- Opening Delimiter -

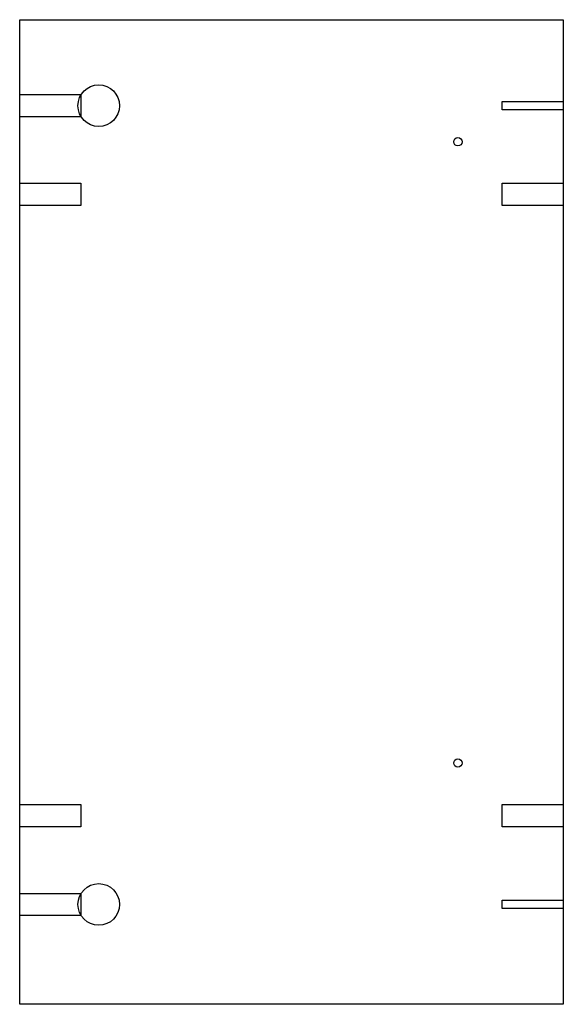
# Model space of a CAD drawing. Header units: inches. Extents: x 0 to 196, y 0 to 355.
import ezdxf

# ---------------------------------------------------------------- set-up
doc = ezdxf.new("R2010")
doc.units = ezdxf.units.IN
doc.header["$MEASUREMENT"] = 0
for name, color, linetype in [('PANEL15.00', 1, 'Continuous'), ('SIDE17.50', 6, 'Continuous'), ('SIDE27.50', 5, 'Continuous'), ('VERTICAL12.00', 251, 'Continuous'), ('VERTICAL3.00', 254, 'Continuous')]:
    doc.layers.add(name, color=color, linetype=linetype)

msp = doc.modelspace()

# ---------------------------------------------------------------- linework, layer by layer
at = {"layer": 'PANEL15.00'}
msp.add_lwpolyline([(0, 0), (0, 355), (196, 355), (196, 0)], close=True, dxfattribs=at)
at = {"layer": 'SIDE17.50'}
for points in [[(22, 328), (22, 320), (0, 320), (0, 328)], [(22, 296), (22, 288), (0, 288), (0, 296)], [(22, 72), (22, 64), (0, 64), (0, 72)], [(22, 40), (22, 32), (0, 32), (0, 40)]]:
    msp.add_lwpolyline(points, close=True, dxfattribs=at)
at = {"layer": 'SIDE27.50'}
for points in [[(174, 325.5), (196, 325.5), (196, 322.5), (174, 322.5)], [(196, 296), (196, 288), (174, 288), (174, 296)], [(196, 72), (196, 64), (174, 64), (174, 72)], [(174, 37.5), (196, 37.5), (196, 34.5), (174, 34.5)]]:
    msp.add_lwpolyline(points, close=True, dxfattribs=at)
at = {"layer": 'VERTICAL12.00'}
for centre in [(28.5, 324), (28.5, 36)]:
    msp.add_circle(centre, 7.5, dxfattribs=at)
at = {"layer": 'VERTICAL3.00'}
for centre in [(158, 311), (158, 87)]:
    msp.add_circle(centre, 1.5, dxfattribs=at)

doc.saveas('drawing.dxf')
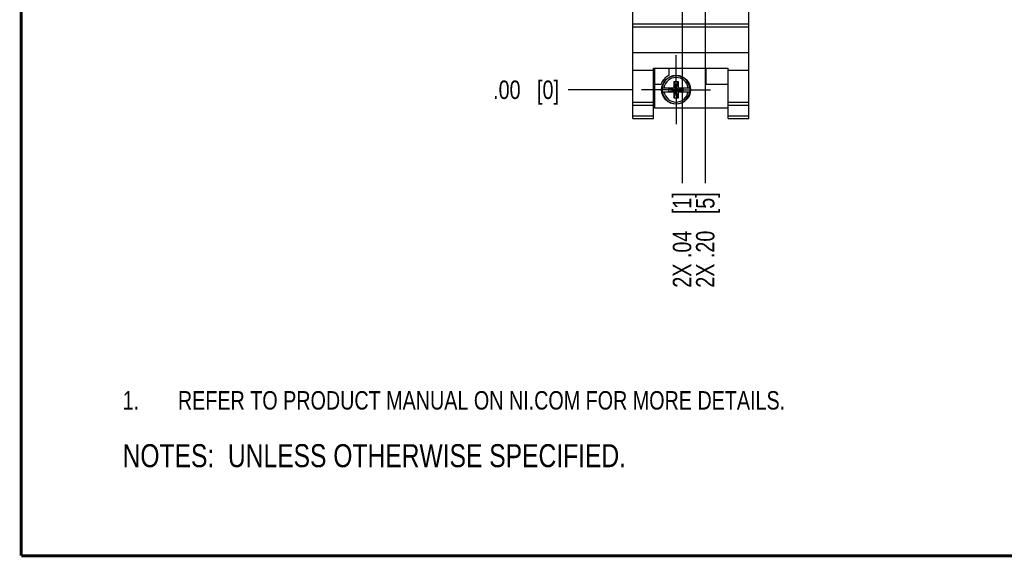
# Model space of a CAD drawing. Header units: inches. Extents: x 0.2 to 16.8, y 0.2 to 10.8.
# Tile 1 of 26: x 0.2 to 6.9, y 0.2 to 3.9. Entities that reach past the tile are written whole.
import ezdxf

# ---------------------------------------------------------------- set-up
doc = ezdxf.new("R2010")
doc.units = ezdxf.units.IN
doc.header["$LTSCALE"] = 0.935
doc.header["$MEASUREMENT"] = 0
doc.linetypes.add('CENTER', pattern=[0.6, 0.375, -0.075, 0.075, -0.075])
doc.layers.get('0').update_dxf_attribs({"linetype": 'CONTINUOUS'})
for name, color, linetype in [('DEFAULT_1', 7, 'CENTER'), ('DETAIL', 7, 'CONTINUOUS'), ('DIMENSIONS', 7, 'CONTINUOUS')]:
    doc.layers.add(name, color=color, linetype=linetype)
doc.styles.get("Standard").update_dxf_attribs({"font": 'txt', "width": 0.8})
doc.dimstyles.new('DIMSTYLE_1', dxfattribs={"dimtxt": 0.125, "dimasz": 0.18, "dimexe": 0.125, "dimexo": 0.0625, "dimgap": 0.09, "dimtad": 0, "dimtih": 1, "dimtoh": 1, "dimzin": 4, "dimdsep": 46, "dimtxsty": 'STANDARD', "dimblk": '_FILLED', "dimblk1": '_FILLED', "dimblk2": '_FILLED', "dimcen": 0.09, "dimadec": 0, "dimazin": 0, "dimtp": 0.005, "dimtm": 0.005, "dimtfac": 1, "dimtofl": 0, "dimtmove": 0, "dimatfit": 3, "dimldrblk": '_FILLED', "dimfxl": 1, "dimtolj": 1, "dimtzin": 4, "dimarcsym": 0})
doc.dimstyles.new('DIMSTYLE_2', dxfattribs={"dimtxt": 0.125, "dimasz": 0.18, "dimexe": 0.125, "dimexo": 0.0625, "dimgap": 0.09, "dimtad": 0, "dimtih": 1, "dimtoh": 1, "dimzin": 4, "dimdsep": 46, "dimtxsty": 'STANDARD', "dimblk": '_FILLED', "dimblk1": '_FILLED', "dimblk2": '_FILLED', "dimcen": 0.09, "dimadec": 0, "dimazin": 0, "dimtp": 0.01, "dimtm": 0.01, "dimtfac": 1, "dimtofl": 0, "dimtmove": 0, "dimatfit": 3, "dimldrblk": '_FILLED', "dimfxl": 1, "dimtolj": 1, "dimtzin": 4, "dimarcsym": 0})

# ---------------------------------------------------------------- blocks, each defined once
blk = doc.blocks.new('SYMBOL_16_BL0', base_point=(3.6751, 1.3124))
at = {"color": 2, "linetype": 'CONTINUOUS', "width": 0.8}
for s, p in [('1.', (0.9376, 1.2498)), ('REFER TO PRODUCT MANUAL ON NI.COM FOR MORE DETAILS.', (1.3125, 1.25))]:
    blk.add_text(s, height=0.125, dxfattribs=at).set_placement(p)
blk = doc.blocks.new('*D6')
at = {"layer": 'DIMENSIONS', "color": 2, "linetype": 'CONTINUOUS'}
blk.add_line((4.4507, 7.1897), (3.9577, 7.1897), dxfattribs=at)
at = {"layer": 'DIMENSIONS', "color": 2, "linetype": 'CONTINUOUS', "insert": (3.8952, 7.2522), "char_height": 0.125, "width": 1.125, "attachment_point": 3, "line_spacing_factor": 0.9}
blk.add_mtext('3.77{\\Ftxt.shx;\\W1.000000;\\H0.125000; }[95.8]', dxfattribs=at)
blk = doc.blocks.new('_FILLED')
at = {"color": 0, "linetype": 'BYBLOCK'}
blk.add_solid([(0, 0), (-1, 0.174), (-1, -0.174)], dxfattribs=at)
blk = doc.blocks.new('*D7')
at = {"layer": 'DIMENSIONS', "color": 2, "linetype": 'CONTINUOUS'}
blk.add_line((4.3927, 3.4178), (3.9577, 3.4178), dxfattribs=at)
at = {"layer": 'DIMENSIONS', "color": 2, "linetype": 'CONTINUOUS', "insert": (3.8952, 3.4803), "char_height": 0.125, "width": 0.725, "attachment_point": 3, "line_spacing_factor": 0.9}
blk.add_mtext('.00{\\Ftxt.shx;\\W1.000000;\\H0.125000; }[0]', dxfattribs=at)
blk = doc.blocks.new('*D8')
at = {"layer": 'DIMENSIONS', "color": 2, "linetype": 'CONTINUOUS'}
blk.add_line((4.5005, 6.0785), (3.9577, 6.0785), dxfattribs=at)
at = {"layer": 'DIMENSIONS', "color": 2, "linetype": 'CONTINUOUS', "insert": (3.8952, 6.141), "char_height": 0.125, "width": 1.125, "attachment_point": 3, "line_spacing_factor": 0.9}
blk.add_mtext('2.66{\\Ftxt.shx;\\W1.000000;\\H0.125000; }[67.6]', dxfattribs=at)
blk = doc.blocks.new('*D9')
at = {"layer": 'DIMENSIONS', "color": 2, "linetype": 'CONTINUOUS'}
blk.add_line((4.3832, 8.2387), (3.9577, 8.2387), dxfattribs=at)
at = {"layer": 'DIMENSIONS', "color": 2, "linetype": 'CONTINUOUS', "insert": (3.8952, 8.3012), "char_height": 0.125, "width": 1.225, "attachment_point": 3, "line_spacing_factor": 0.9}
blk.add_mtext('4.82{\\Ftxt.shx;\\W1.000000;\\H0.125000; }[122.5]', dxfattribs=at)
blk = doc.blocks.new('*D10')
at = {"layer": 'DIMENSIONS', "color": 2, "linetype": 'CONTINUOUS'}
blk.add_line((4.5418, 4.5037), (3.9577, 4.5037), dxfattribs=at)
at = {"layer": 'DIMENSIONS', "color": 2, "linetype": 'CONTINUOUS', "insert": (3.8952, 4.5662), "char_height": 0.125, "width": 1.425, "attachment_point": 3, "line_spacing_factor": 0.9}
blk.add_mtext('2X 1.09{\\Ftxt.shx;\\W1.000000;\\H0.125000; }[27.6]', dxfattribs=at)
blk = doc.blocks.new('*D11')
at = {"layer": 'DIMENSIONS', "color": 2, "linetype": 'CONTINUOUS'}
blk.add_line((4.5418, 4.9604), (3.9577, 4.9604), dxfattribs=at)
at = {"layer": 'DIMENSIONS', "color": 2, "linetype": 'CONTINUOUS', "insert": (3.8952, 5.0229), "char_height": 0.125, "width": 1.425, "attachment_point": 3, "line_spacing_factor": 0.9}
blk.add_mtext('2X 1.54{\\Ftxt.shx;\\W1.000000;\\H0.125000; }[39.2]', dxfattribs=at)
blk = doc.blocks.new('*D16')
at = {"layer": 'DIMENSIONS', "color": 2, "linetype": 'CONTINUOUS'}
blk.add_line((4.7293, 4.3162), (4.7293, 2.7853), dxfattribs=at)
at = {"layer": 'DIMENSIONS', "color": 2, "linetype": 'CONTINUOUS', "insert": (4.6668, 2.7228), "char_height": 0.125, "width": 1.025, "attachment_point": 3, "rotation": 90, "line_spacing_factor": 0.9}
blk.add_mtext('2X .04{\\Ftxt.shx;\\W1.000000;\\H0.125000; }[1]', dxfattribs=at)
blk = doc.blocks.new('*D17')
at = {"layer": 'DIMENSIONS', "color": 2, "linetype": 'CONTINUOUS'}
blk.add_line((4.8868, 4.3162), (4.8868, 2.7853), dxfattribs=at)
at = {"layer": 'DIMENSIONS', "color": 2, "linetype": 'CONTINUOUS', "insert": (4.8243, 2.7228), "char_height": 0.125, "width": 1.025, "attachment_point": 3, "rotation": 90, "line_spacing_factor": 0.9}
blk.add_mtext('2X .20{\\Ftxt.shx;\\W1.000000;\\H0.125000; }[5]', dxfattribs=at)
blk = doc.blocks.new('SYMBOL_4_BL1', base_point=(3.1215, 0.9375))
at = {"layer": 'DETAIL', "color": 2, "linetype": 'CONTINUOUS', "width": 0.8}
blk.add_text('NOTES:  UNLESS OTHERWISE SPECIFIED.', height=0.156, dxfattribs=at).set_placement((0.9375, 0.8595))

msp = doc.modelspace()

# ---------------------------------------------------------------- linework, layer by layer
at = {"color": 7, "linetype": 'CONTINUOUS'}
for p, q in [((4.3952, 3.2228), (4.3952, 8.3607)), ((5.1832, 3.2228), (5.1832, 8.3607)), ((4.3952, 3.8648), (5.1832, 3.8648)), ((4.3952, 3.8453), (5.1832, 3.8453)), ((4.3952, 3.6695), (5.1832, 3.6695)), ((4.3952, 3.5498), (4.5372, 3.5498)), ((4.5372, 3.5651), (5.0412, 3.5651)), ((4.5372, 3.2228), (4.5372, 3.5651)), ((4.5432, 3.5651), (4.5432, 3.2958)), ((4.6402, 3.5651), (4.6402, 3.5152)), ((4.8902, 3.5651), (4.8902, 3.4558)), ((5.0412, 3.2228), (5.0412, 3.5651)), ((5.0412, 3.5498), (5.1832, 3.5498)), ((4.6754, 3.4749), (4.703, 3.4749)), ((4.703, 3.3607), (4.6754, 3.4749)), ((4.6754, 3.4316), (4.6754, 3.4749)), ((4.6754, 3.3607), (4.703, 3.4749)), ((4.703, 3.4749), (4.703, 3.4316)), ((4.5432, 3.4558), (4.587, 3.4558)), ((4.5945, 3.4316), (4.6775, 3.4316)), ((4.5945, 3.4041), (4.6775, 3.4041)), ((4.6407, 3.4061), (4.7377, 3.4295)), ((4.6775, 3.4295), (4.6407, 3.4295)), ((4.6407, 3.4295), (4.7377, 3.4061)), ((4.6407, 3.4061), (4.6407, 3.4295)), ((4.6407, 3.4061), (4.6775, 3.4061)), ((4.6754, 3.3607), (4.6754, 3.4041)), ((4.6775, 3.4316), (4.6775, 3.4295)), ((4.7009, 3.4061), (4.6775, 3.4295)), ((4.6775, 3.4061), (4.7009, 3.4295)), ((4.6775, 3.4041), (4.6775, 3.4061)), ((4.7009, 3.4316), (4.7838, 3.4316)), ((4.7009, 3.4316), (4.7009, 3.4295)), ((4.7377, 3.4295), (4.7009, 3.4295)), ((4.7009, 3.4061), (4.7377, 3.4061)), ((4.7009, 3.4041), (4.7009, 3.4061)), ((4.7009, 3.4041), (4.7838, 3.4041)), ((4.703, 3.4041), (4.703, 3.3607)), ((4.7377, 3.4061), (4.7377, 3.4295)), ((4.8902, 3.4558), (5.0412, 3.4558)), ((4.703, 3.3607), (4.6754, 3.3607)), ((4.3952, 3.3328), (4.5372, 3.3328)), ((4.3952, 3.3136), (4.5372, 3.3136)), ((4.5432, 3.2958), (5.0412, 3.2958)), ((5.0412, 3.3328), (5.1832, 3.3328)), ((5.0412, 3.3136), (5.1832, 3.3136)), ((4.3952, 3.2408), (4.5372, 3.2408)), ((4.3952, 3.2228), (4.5372, 3.2228)), ((5.0412, 3.2408), (5.1832, 3.2408)), ((5.0412, 3.2228), (5.1832, 3.2228))]:
    msp.add_line(p, q, dxfattribs=at)
at = {"color": 7, "linetype": 'CONTINUOUS', "const_width": 0.02}
for points in [[(0.25, 10.7586), (0.25, 0.2586)], [(0.25, 0.2586), (16.75, 0.2586)]]:
    msp.add_lwpolyline(points, dxfattribs=at)
at = {"color": 7, "linetype": 'CONTINUOUS'}
msp.add_circle((4.6892, 3.4178), 0.098, dxfattribs=at)
for radius, start, end in [(0.109, 116.71426, 159.59683), (0.0956, 171.71661, 188.28339), (0.0956, 351.71661, 8.28339)]:
    msp.add_arc((4.6892, 3.4178), radius, start, end, dxfattribs=at)
at = {"color": 9, "linetype": 'CONTINUOUS'}
for radius, start, end in [(0.0947, 8.36374, 171.63626), (0.0832, 9.53359, 170.46641), (0.0947, 188.36374, 351.63626), (0.0832, 189.53359, 350.46641)]:
    msp.add_arc((4.6892, 3.4178), radius, start, end, dxfattribs=at)
at = {"layer": 'DEFAULT_1', "color": 7, "linetype": 'CENTER'}
for q in [(4.6892, 3.6518), (4.4552, 3.4178), (4.9232, 3.4178), (4.6892, 3.1838)]:
    msp.add_line((4.6892, 3.4178), q, dxfattribs=at)

# ---------------------------------------------------------------- block references
at = {"color": 2, "linetype": 'CONTINUOUS'}
msp.add_blockref('SYMBOL_16_BL0', (3.6751, 1.3124), dxfattribs=at)
at = {"layer": 'DETAIL', "color": 2, "linetype": 'CONTINUOUS'}
msp.add_blockref('SYMBOL_4_BL1', (3.1215, 0.9375), dxfattribs=at)

# ---------------------------------------------------------------- dimensions: what is measured, and where the dimension line sits
at = {"layer": 'DIMENSIONS', "color": 2, "linetype": 'CONTINUOUS'}
for feature_location, offset, origin, dimstyle, picture, middle in [((4.3832, 8.2387), (-0.4255, 0), (4.4457, 3.4178), 'DIMSTYLE_1', '*D9', (3.2827, 8.2387)), ((4.4507, 7.1897), (-0.493, 0), (4.4552, 3.4178), 'DIMSTYLE_1', '*D6', (3.3327, 7.1897)), ((4.5005, 6.0785), (-0.5428, 0), (4.563, 3.4178), 'DIMSTYLE_1', '*D8', (3.3327, 6.0785)), ((4.3926930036, 3.4178343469), (-0.435, 0), (4.4551930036, 3.4178343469), 'DIMSTYLE_2', '*D7', (3.5326930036, 3.4178343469))]:
    dim = msp.add_ordinate_dim(feature_location=feature_location, offset=offset, dtype=0, origin=origin, dimstyle=dimstyle, override={"dimtad": 1, "dimtih": 0, "dimtoh": 0}, dxfattribs=at)
    dim.commit()
    dim.dimension.update_dxf_attribs({"geometry": picture, "text_midpoint": middle})
for feature_location, offset, dtype, origin, picture, middle in [((4.5418, 4.9604), (-0.5841, 0), 0, (4.6043, 3.4178), '*D11', (3.1827, 4.9604)), ((4.5418, 4.5037), (-0.5841, 0), 0, (4.6043, 3.4178), '*D10', (3.1827, 4.5037)), ((4.7293, 4.3162), (0, -1.5309), 1, (4.6892, 4.3787), '*D16', (4.7293, 2.2103)), ((4.8868, 4.3162), (0, -1.5309), 1, (4.6892, 4.3787), '*D17', (4.8868, 2.2103))]:
    dim = msp.add_ordinate_dim(feature_location=feature_location, offset=offset, dtype=dtype, origin=origin, text='2X <>', dimstyle='DIMSTYLE_1', override={"dimtad": 1, "dimtih": 0, "dimtoh": 0}, dxfattribs=at)
    dim.commit()
    dim.dimension.update_dxf_attribs({"geometry": picture, "text_midpoint": middle})

doc.saveas('drawing.dxf')

- Closing Delimiter -

Work order |
Where a line of the data holds the word "inches", copy that line.

Final answer |
# Model space of a CAD drawing. Header units: inches. Extents: x 0 to 196, y 0 to 355.
# Model space of a CAD drawing. Header units: inches. Extents: x 0.2 to 16.8, y 0.2 to 10.8.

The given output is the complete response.